It has been the general consensus because it makes sense on a superficial level. If people are gaining weight by eating too many calories, then eliminating fat (the most potent calorie-contributor) from the diet should ameliorate the problem. The recommendations soon followed: "Choose lean meats; Use low fat salad dressing; Eat fat free potato chips." 

After 30 years of trying, Americans - as well as the rest of the world - have not been very successful.

Inadequate advice or poor compliance are the two obvious explanations for this failure.  The latter has been incriminated thus far: the majority of Americans just aren't listening. Yet much evidence suggests they may have been listening quite well.

Clinical Trial Evidence
The appearance and sudden popularity of the Atkins diet in the 1990s had dieters running to the meat department, leaving carbs in the dust. The apparent success of this diet, mostly ascertained from anecdotal evidence, had the overweight population excited and health experts worried. A diet characterized by high amounts of meat and fat was deemed impossible to be effective and a serious health risk.

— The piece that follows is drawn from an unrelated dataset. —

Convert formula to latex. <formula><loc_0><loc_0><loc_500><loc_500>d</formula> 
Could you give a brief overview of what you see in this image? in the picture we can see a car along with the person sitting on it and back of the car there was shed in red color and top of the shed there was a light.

At the time, few clinical trials had been done analyzing the efficacy and safety of such a diet, which understandably led to extreme skepticism among dietitians and doctors. Recent years have seen numerous studies comparing a calorie unlimited, low carbohydrate diet to various other low-fat, low calorie diets.In other words, a battle between two notorious opponents: Eat until you are full and limit carbs Vs. Eat until you reach a calorie limit and restrict fat. Since fat has 9 calories per gram and protein or carbs have 4 calories per gram, a high fat diets seem destined to fail.

Yet to the surprise of many, when compared to other diets, the calorie unrestricted, lowest carbohydrate diet group generally — but not always — loses more weight. With few exceptions, their HDL increases and their blood triglyceride levels decrease without having any significant effect on LDL (bad cholesterol). When subjects keep their carbohydrate intake lower than 50-75 grams per day, they seem to be most successful.

Often times the various groups fare the same, both losing approximately the same amount of weight. But NEVER, in dietary clinical trial history, has the low-fat, low-calorie diet group lost more weight (more on this idea).
The High Fat Paradox
The very idea that a diet characterized by high-fat foods and unlimited calories can do as well, or better, than a low-fat, calorie-restricted diet poses a challenge to the current weight-loss recommendations. However, conceding to this evidence, and altering the recommendations would mean the advice from the last 30 years may have been premature. 


Yet it seems that slowly, the anti-carb message is seeping in. 

Here is a recent public service announcement from the New York City Health Department:

Researchers at Harvard Seem To Agree:
"Fat is not the problem. If Americans could eliminate sugary beverages, potatoes, white bread, pasta, white rice and sugary snacks, we would wipe out almost all the problems we have with weight and diabetes and other metabolic diseases."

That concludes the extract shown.